Geçmiş yıllarda Ukrayna’da bazı yatırımcılara danışmanlık yaptığını hatırlatan Mustafa Kutlu: “ Bu araziler şirketlerin eline geçtiğinde bir şirket kaç tane çiftçinin yerine üretim yapacak. Biz şu anda Ukrayna’nın gittiği yere doğru gidiyoruz. Ben 2010'lu yıllarda oraya gittiğimde bazı çerez firmalarımız ayçiçeği üretimi yapıyordu. Ukrayna'da  çerezlik ayçiçeği, çerezlik kabak ekiyorlardı  biz onlara danışmanlık yapıyorduk. Gidip baktığımızda köyde 50 bin dekar arazi var, 10 bin dekarı sulu, 40 bin dekarı kuru arazi. Tarım makineleri parkı var.  Bir anlamda köyü satın alıyorsunuz resmen kiralayarak. Bir şartları vardı, oradakileri de çalıştırmak zorundasınız. Köyde ne kadar tarımda çalışacak erkek iş gücü varsa onu çalıştırmak zorundasınız. Her aileden en az birini işe almak zorundasınız. Buradaki köylerimiz de boşaldı. Ukrayna gibi bir gidişatımız var. Bu da beni çok ürkütüyor.
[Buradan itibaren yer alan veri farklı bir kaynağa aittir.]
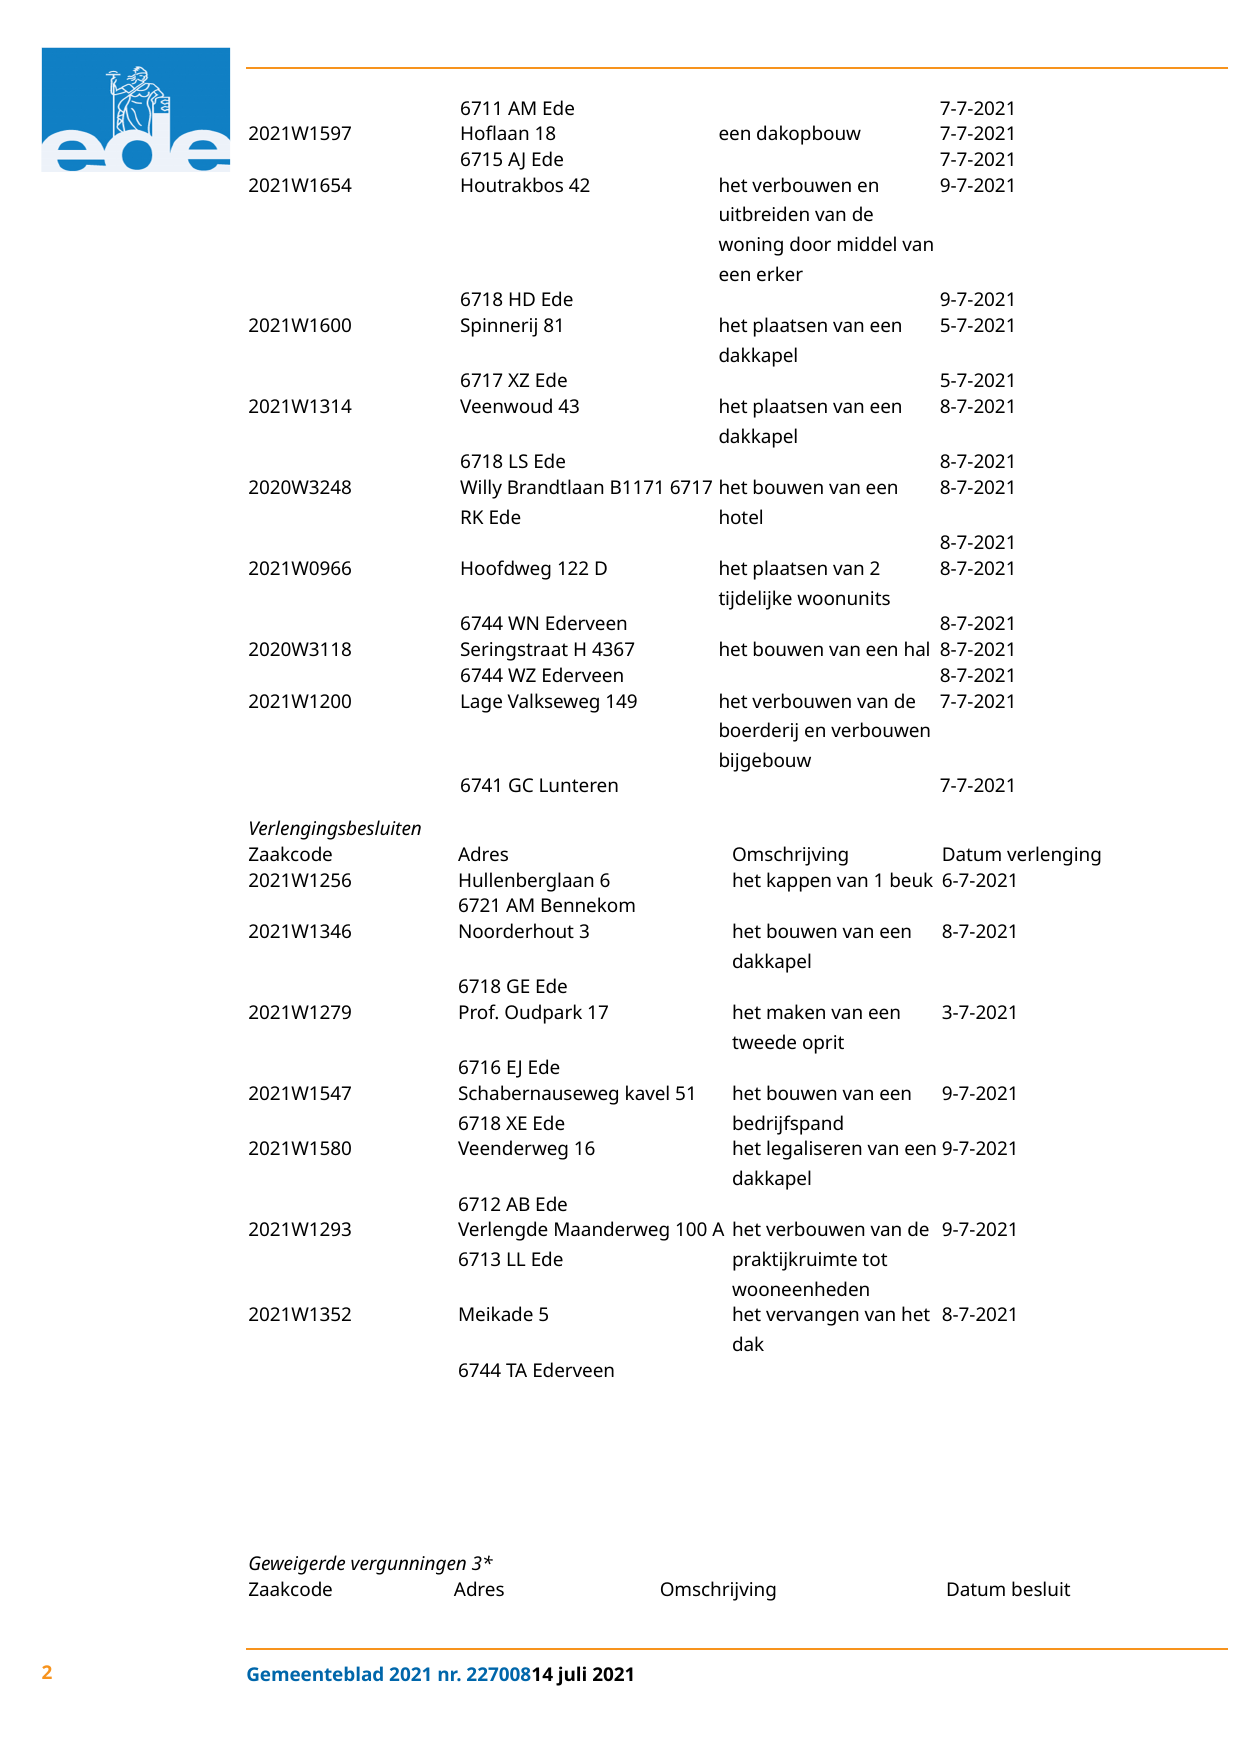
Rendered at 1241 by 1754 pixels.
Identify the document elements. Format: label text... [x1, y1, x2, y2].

table_cell 9-7-2021 [940, 172, 1152, 286]
table_cell het bouwen van een bedrijfspand [732, 1080, 942, 1136]
table_cell 9-7-2021 [942, 1080, 1152, 1136]
table_cell 2020W3248 [248, 474, 460, 529]
table_cell 6717 XZ Ede [460, 368, 718, 393]
table_cell het maken van een tweede oprit [732, 999, 942, 1054]
table_cell [248, 1357, 458, 1383]
table_header Zaakcode [248, 841, 458, 867]
text Geweigerde vergunningen 3* [248, 1551, 1152, 1576]
table_cell Prof. Oudpark 17 [458, 999, 732, 1054]
table_cell het vervangen van het dak [732, 1302, 942, 1357]
table_cell 6715 AJ Ede [460, 146, 718, 172]
table_cell Noorderhout 3 [458, 918, 732, 973]
table_cell [718, 662, 939, 688]
table_cell het plaatsen van een dakkapel [718, 312, 939, 367]
table_cell Verlengde Maanderweg 100 A 6713 LL Ede [458, 1217, 732, 1302]
table_cell [248, 1191, 458, 1217]
table_cell 8-7-2021 [940, 474, 1152, 529]
table_cell 5-7-2021 [940, 368, 1152, 393]
table_cell [718, 530, 939, 555]
table_cell 6744 WN Ederveen [460, 611, 718, 636]
table_cell 2021W1279 [248, 999, 458, 1054]
table_cell 6716 EJ Ede [458, 1055, 732, 1080]
table_cell Spinnerij 81 [460, 312, 718, 367]
table_cell Meikade 5 [458, 1302, 732, 1357]
table_cell 2021W1256 [248, 867, 458, 892]
table_cell Lage Valkseweg 149 [460, 688, 718, 773]
table_cell Willy Brandtlaan B1171 6717 RK Ede [460, 474, 718, 529]
table_cell Schabernauseweg kavel 51 6718 XE Ede [458, 1080, 732, 1136]
table_cell [718, 146, 939, 172]
table_cell 2020W3118 [248, 636, 460, 662]
table_cell 2021W1600 [248, 312, 460, 367]
table_cell 3-7-2021 [942, 999, 1152, 1054]
table_cell 2021W1200 [248, 688, 460, 773]
table_cell het kappen van 1 beuk [732, 867, 942, 892]
table_cell het bouwen van een hal [718, 636, 939, 662]
table_cell 2021W1597 [248, 121, 460, 146]
table_cell [732, 1055, 942, 1080]
table_cell 6718 LS Ede [460, 449, 718, 474]
table_header Omschrijving [732, 841, 942, 867]
table_cell 2021W1346 [248, 918, 458, 973]
table_cell [718, 773, 939, 798]
table_header Adres [454, 1576, 659, 1602]
table_cell [248, 146, 460, 172]
table_cell 9-7-2021 [942, 1136, 1152, 1191]
table_cell [248, 1055, 458, 1080]
table_cell 6718 GE Ede [458, 974, 732, 999]
table_cell een dakopbouw [718, 121, 939, 146]
table_cell het verbouwen van de praktijkruimte tot wooneenheden [732, 1217, 942, 1302]
table_cell 2021W1293 [248, 1217, 458, 1302]
table_cell [732, 974, 942, 999]
text Verlengingsbesluiten [248, 815, 1152, 841]
table_cell 6721 AM Bennekom [458, 893, 732, 918]
table_cell 7-7-2021 [940, 146, 1152, 172]
table_cell Hoofdweg 122 D [460, 555, 718, 611]
table_cell 2021W1547 [248, 1080, 458, 1136]
table_cell [718, 95, 939, 121]
table_cell 6744 WZ Ederveen [460, 662, 718, 688]
table_cell 6712 AB Ede [458, 1191, 732, 1217]
table_cell [248, 95, 460, 121]
table_cell het bouwen van een dakkapel [732, 918, 942, 973]
table_cell Seringstraat H 4367 [460, 636, 718, 662]
table_cell 8-7-2021 [940, 611, 1152, 636]
table_cell 2021W1314 [248, 393, 460, 448]
table_cell [718, 611, 939, 636]
table_cell [732, 1191, 942, 1217]
table_cell 6-7-2021 [942, 867, 1152, 892]
table_header Omschrijving [660, 1576, 946, 1602]
table_cell 8-7-2021 [940, 662, 1152, 688]
table_cell [248, 773, 460, 798]
table_cell het plaatsen van een dakkapel [718, 393, 939, 448]
table_cell 9-7-2021 [940, 286, 1152, 312]
table_cell Hoflaan 18 [460, 121, 718, 146]
table_cell 6718 HD Ede [460, 286, 718, 312]
table_cell [732, 893, 942, 918]
table_cell 8-7-2021 [940, 530, 1152, 555]
table_header Adres [458, 841, 732, 867]
table_cell [248, 530, 460, 555]
table_cell [942, 974, 1152, 999]
table_cell [718, 286, 939, 312]
table_cell [718, 449, 939, 474]
table_cell 6744 TA Ederveen [458, 1357, 732, 1383]
table_cell 2021W0966 [248, 555, 460, 611]
table_cell 8-7-2021 [940, 393, 1152, 448]
table_cell Veenwoud 43 [460, 393, 718, 448]
table_cell [248, 893, 458, 918]
table_cell het plaatsen van 2 tijdelijke woonunits [718, 555, 939, 611]
table_cell [460, 530, 718, 555]
table_cell [732, 1357, 942, 1383]
table_cell [248, 368, 460, 393]
table_cell het legaliseren van een dakkapel [732, 1136, 942, 1191]
table_cell 8-7-2021 [942, 1302, 1152, 1357]
table_cell 6741 GC Lunteren [460, 773, 718, 798]
table_cell [248, 286, 460, 312]
table_cell 8-7-2021 [942, 918, 1152, 973]
table_cell 7-7-2021 [940, 688, 1152, 773]
table_cell 8-7-2021 [940, 555, 1152, 611]
table_cell [248, 662, 460, 688]
table_cell 7-7-2021 [940, 95, 1152, 121]
table_cell [942, 1055, 1152, 1080]
table_cell 2021W1654 [248, 172, 460, 286]
table_cell Hullenberglaan 6 [458, 867, 732, 892]
table_cell 7-7-2021 [940, 121, 1152, 146]
table_cell [248, 611, 460, 636]
table_cell Houtrakbos 42 [460, 172, 718, 286]
table_cell 2021W1580 [248, 1136, 458, 1191]
table_cell Veenderweg 16 [458, 1136, 732, 1191]
table_cell [718, 368, 939, 393]
picture [41, 47, 231, 172]
table_cell [248, 974, 458, 999]
table_cell 2021W1352 [248, 1302, 458, 1357]
table_header Datum besluit [946, 1576, 1152, 1602]
table_cell het bouwen van een hotel [718, 474, 939, 529]
table_cell [942, 1191, 1152, 1217]
table_cell 7-7-2021 [940, 773, 1152, 798]
table_cell 6711 AM Ede [460, 95, 718, 121]
table_header Zaakcode [248, 1576, 454, 1602]
table_cell het verbouwen van de boerderij en verbouwen bijgebouw [718, 688, 939, 773]
table_cell 5-7-2021 [940, 312, 1152, 367]
table_cell [942, 1357, 1152, 1383]
table_cell 9-7-2021 [942, 1217, 1152, 1302]
table_cell 8-7-2021 [940, 636, 1152, 662]
table_cell 8-7-2021 [940, 449, 1152, 474]
table_cell het verbouwen en uitbreiden van de woning door middel van een erker [718, 172, 939, 286]
table_cell [248, 449, 460, 474]
table_cell [942, 893, 1152, 918]
table_header Datum verlenging [942, 841, 1152, 867]

Bu kadar verimli toprakları Biz kullanalım elin yabancısı değil. Hollanda biliyorsunuz tarımda bir numara diyoruz.Nerede ekiliş yapıyor? Etiyopya'da, Gana'da ekiliş yapıyor. Oralar hep kimin üstüne Hollanda şirketinin üstüne. Hollanda şirketinin üstüne olunca vergi kime gidiyor Hollanda'ya. O ülkelere hiçbir faydası yok. Biz de aynı konuma düşmeyelim diye çırpınıyoruz.” 
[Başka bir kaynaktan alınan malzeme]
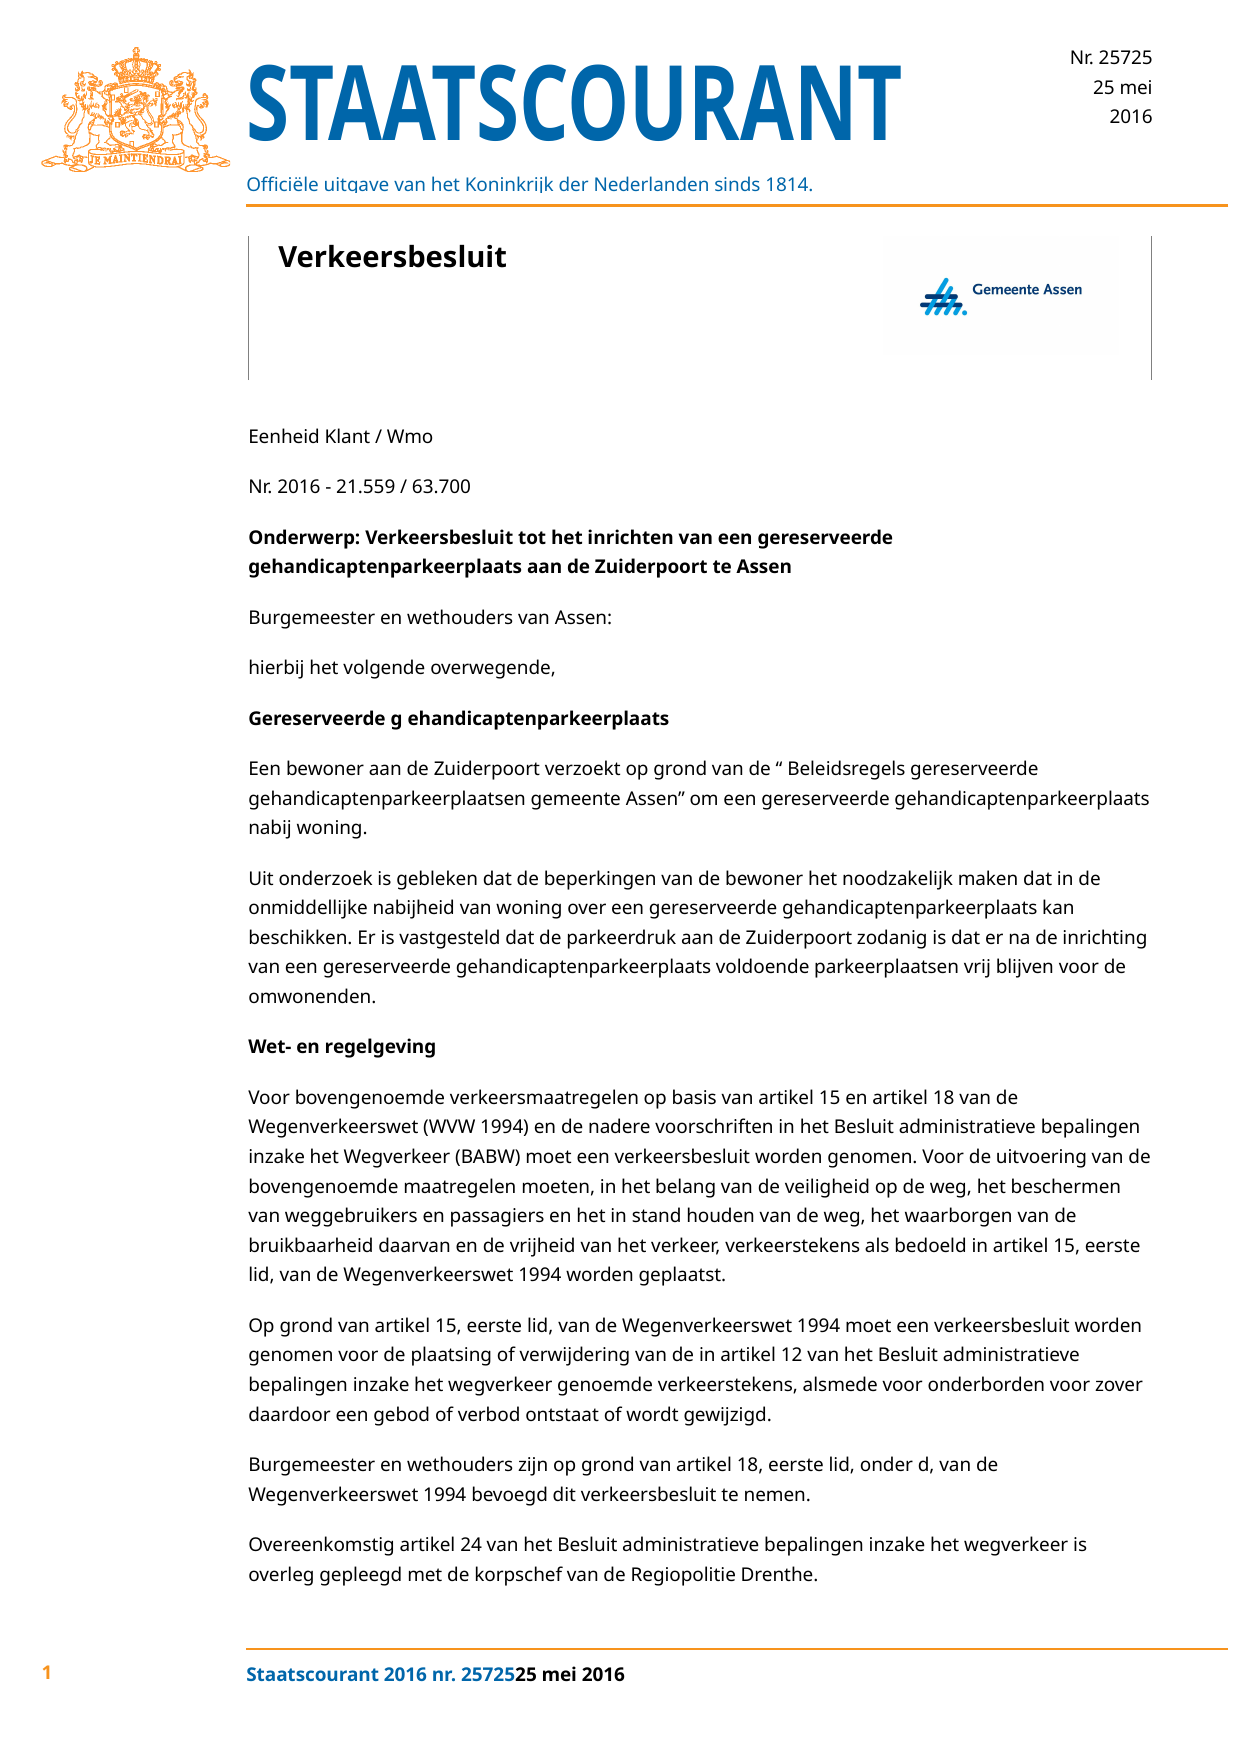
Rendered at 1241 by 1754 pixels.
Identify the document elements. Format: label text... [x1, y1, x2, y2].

text Voor bovengenoemde verkeersmaatregelen op basis van artikel 15 en artikel 18 van de Wegenverkeerswet (WVW 1994) en de nadere voorschriften in het Besluit administratieve bepalingen inzake het Wegverkeer (BABW) moet een verkeersbesluit worden genomen. Voor de uitvoering van de bovengenoemde maatregelen moeten, in het belang van de veiligheid op de weg, het beschermen van weggebruikers en passagiers en het in stand houden van de weg, het waarborgen van de bruikbaarheid daarvan en de vrijheid van het verkeer, verkeerstekens als bedoeld in artikel 15, eerste lid, van de Wegenverkeerswet 1994 worden geplaatst. [248, 1084, 1152, 1287]
text Eenheid Klant / Wmo [248, 423, 1152, 449]
picture [41, 47, 231, 172]
text Nr. 2016 - 21.559 / 63.700 [248, 474, 1152, 499]
text Onderwerp: Verkeersbesluit tot het inrichten van een gereserveerde gehandicaptenparkeerplaats aan de Zuiderpoort te Assen [248, 524, 1152, 579]
text Uit onderzoek is gebleken dat de beperkingen van de bewoner het noodzakelijk maken dat in de onmiddellijke nabijheid van woning over een gereserveerde gehandicaptenparkeerplaats kan beschikken. Er is vastgesteld dat de parkeerdruk aan de Zuiderpoort zodanig is dat er na de inrichting van een gereserveerde gehandicaptenparkeerplaats voldoende parkeerplaatsen vrij blijven voor de omwonenden. [248, 865, 1152, 1009]
table_header [850, 236, 1151, 380]
text hierbij het volgende overwegende, [248, 654, 1152, 680]
text Burgemeester en wethouders zijn op grond van artikel 18, eerste lid, onder d, van de Wegenverkeerswet 1994 bevoegd dit verkeersbesluit te nemen. [248, 1451, 1152, 1506]
text Overeenkomstig artikel 24 van het Besluit administratieve bepalingen inzake het wegverkeer is overleg gepleegd met de korpschef van de Regiopolitie Drenthe. [248, 1531, 1152, 1586]
table_header Verkeersbesluit [249, 236, 850, 380]
text Een bewoner aan de Zuiderpoort verzoekt op grond van de “ Beleidsregels gereserveerde gehandicaptenparkeerplaatsen gemeente Assen” om een gereserveerde gehandicaptenparkeerplaats nabij woning. [248, 755, 1152, 840]
text Gereserveerde g ehandicaptenparkeerplaats [248, 705, 1152, 731]
picture [882, 236, 1119, 355]
text Burgemeester en wethouders van Assen: [248, 604, 1152, 630]
text Wet- en regelgeving [248, 1034, 1152, 1059]
text Op grond van artikel 15, eerste lid, van de Wegenverkeerswet 1994 moet een verkeersbesluit worden genomen voor de plaatsing of verwijdering van de in artikel 12 van het Besluit administratieve bepalingen inzake het wegverkeer genoemde verkeerstekens, alsmede voor onderborden voor zover daardoor een gebod of verbod ontstaat of wordt gewijzigd. [248, 1312, 1152, 1426]

Üretmezsek herkes aç kalır

“Bu bizim son feryadımız, yani artık çığlığım tükeniyor, sesimiz de tükeniyor “ diyen Mustafa Kutlu adeta yalvarıyor: “ Bizi bitirmeye değil, bizi yaşatmaya uğraşsınlar. Biz bitmek istemiyoruz biz yaşamak ve yaşatmak istiyoruz. Çünkü biz yaşarsak üreteceğiz. Biz üretirsek sizler yaşayacaksınız. Bu kadar basit hepsi birbirine zincirleme bağlı. Ben üretmezsem herkes aç kalır. Ben derken de kendim olarak değil çiftçi olarak söylüyorum.Çiftçi üretmedi mi herkes aç kalır net bunu pandemide net bir şekilde gördük. Orada bizi ne kadar değerli kıldılar ama ne oldu? Pandemi bitti değerimiz gene sıfıra düştü. Yine bir pandemi mi gelsin, kötü bir şey mi olması lazım. Kötü bir şey gelmeden bizim değerimizi bilin, bizi yaşatın.  Çünkü biz son çığlıklarımız, son sesimiz kısılmak üzere. Bitmek üzereyiz, sonları oynuyoruz artık bizi bitirmeyi değil yaşatmayı bizi geliştirmeyi düşünsünler. Lütfen herkes sorumluluğunu herkes işinin bilincine varsın.”